Identity politics and the erosion of liberalism

8 September 2020

1:18 AM

8 September 2020

1:18 AM

A new kind of politics has taken root, righteous intimidation. Occasional outbursts of violent outrage are not new, but today righteous intimidation has become the deliberate first choice of many campaigners. Climate campaigners shut down newspapers by blockading printworkers while race campaigners deface and tear down statues. Twitter mobs try to get people sacked, silenced, or arrested for voicing opinions they don’t like. Their motives are the same as violent mobs: not content with a vigorous exchange of views, they seek to suppress opponents.

Just as the politics of righteous intimidation is getting up to full steam, the government has established the Commission on Race and Ethnic Disparities (CRED) to investigate disparities between ethnic groups. From its terms of reference, the commission is prepared to conclude that disparities are not the result of racial discrimination, if that is where the evidence takes it. In approaching racial disparities with an inquiring and open mind the commission has stepped into one of the biggest minefields in the age of righteous intimidation.
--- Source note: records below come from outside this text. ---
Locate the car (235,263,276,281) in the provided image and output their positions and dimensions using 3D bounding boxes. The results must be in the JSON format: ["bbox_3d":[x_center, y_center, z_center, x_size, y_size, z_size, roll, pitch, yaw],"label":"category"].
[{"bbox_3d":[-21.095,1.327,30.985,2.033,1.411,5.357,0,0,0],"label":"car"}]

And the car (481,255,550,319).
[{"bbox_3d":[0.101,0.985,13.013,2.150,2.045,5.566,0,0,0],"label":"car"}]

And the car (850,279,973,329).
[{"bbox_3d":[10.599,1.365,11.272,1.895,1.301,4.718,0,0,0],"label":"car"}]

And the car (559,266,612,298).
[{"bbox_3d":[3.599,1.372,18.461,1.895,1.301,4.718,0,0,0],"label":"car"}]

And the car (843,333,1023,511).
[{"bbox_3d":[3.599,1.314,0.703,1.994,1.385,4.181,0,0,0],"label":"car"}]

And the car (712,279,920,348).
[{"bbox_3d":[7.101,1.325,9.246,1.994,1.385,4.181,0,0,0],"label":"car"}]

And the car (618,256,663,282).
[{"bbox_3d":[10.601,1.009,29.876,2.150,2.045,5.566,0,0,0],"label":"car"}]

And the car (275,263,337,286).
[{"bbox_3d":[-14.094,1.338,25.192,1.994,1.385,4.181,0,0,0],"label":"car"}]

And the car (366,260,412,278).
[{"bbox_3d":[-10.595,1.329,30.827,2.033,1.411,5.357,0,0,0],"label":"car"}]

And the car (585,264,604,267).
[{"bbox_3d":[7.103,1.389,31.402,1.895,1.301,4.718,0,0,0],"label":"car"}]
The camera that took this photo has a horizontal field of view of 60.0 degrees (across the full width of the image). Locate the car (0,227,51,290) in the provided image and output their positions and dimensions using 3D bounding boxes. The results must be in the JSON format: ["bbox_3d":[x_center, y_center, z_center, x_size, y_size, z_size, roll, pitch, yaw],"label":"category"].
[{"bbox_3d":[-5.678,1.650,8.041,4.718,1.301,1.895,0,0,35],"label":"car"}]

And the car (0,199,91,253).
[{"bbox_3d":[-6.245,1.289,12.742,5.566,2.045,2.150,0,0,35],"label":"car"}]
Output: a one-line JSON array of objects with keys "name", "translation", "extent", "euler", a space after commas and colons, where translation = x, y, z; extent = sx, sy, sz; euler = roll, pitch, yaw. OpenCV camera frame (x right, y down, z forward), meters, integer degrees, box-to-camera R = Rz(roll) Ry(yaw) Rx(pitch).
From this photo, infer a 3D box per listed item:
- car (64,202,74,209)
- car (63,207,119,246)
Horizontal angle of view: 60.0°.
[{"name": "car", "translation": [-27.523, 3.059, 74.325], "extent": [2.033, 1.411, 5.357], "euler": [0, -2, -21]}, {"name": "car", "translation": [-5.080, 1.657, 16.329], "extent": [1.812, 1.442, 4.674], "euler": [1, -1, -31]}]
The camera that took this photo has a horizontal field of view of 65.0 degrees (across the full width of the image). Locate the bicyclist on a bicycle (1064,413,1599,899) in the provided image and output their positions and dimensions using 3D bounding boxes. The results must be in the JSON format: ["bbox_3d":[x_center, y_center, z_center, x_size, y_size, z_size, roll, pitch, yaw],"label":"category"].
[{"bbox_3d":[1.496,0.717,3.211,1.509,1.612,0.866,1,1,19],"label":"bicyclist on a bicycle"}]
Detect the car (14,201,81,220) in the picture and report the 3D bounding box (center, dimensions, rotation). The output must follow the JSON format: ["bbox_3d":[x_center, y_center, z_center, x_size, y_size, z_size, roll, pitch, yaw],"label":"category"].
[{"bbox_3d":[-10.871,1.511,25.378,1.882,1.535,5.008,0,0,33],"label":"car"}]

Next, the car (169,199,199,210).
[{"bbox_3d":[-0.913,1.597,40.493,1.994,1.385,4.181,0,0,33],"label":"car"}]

But it needs to do more than carry out a statistical analysis to discover the reasons for ethnic disparities. It should question the divisive mindset that dominates groups like Black Lives Matter. The danger is that the commission will be used to replenish the stock of grievances exploited by identity-based campaign groups. It should not only challenge the view that disparities between ethnic groups should automatically be taken as evidence of discrimination, it should also question the assumption that society is made up of client groups and that the purpose of politics is to ‘deliver on’ their demands. Under this model politicians become the patrons or delivery agents for sectarian interests.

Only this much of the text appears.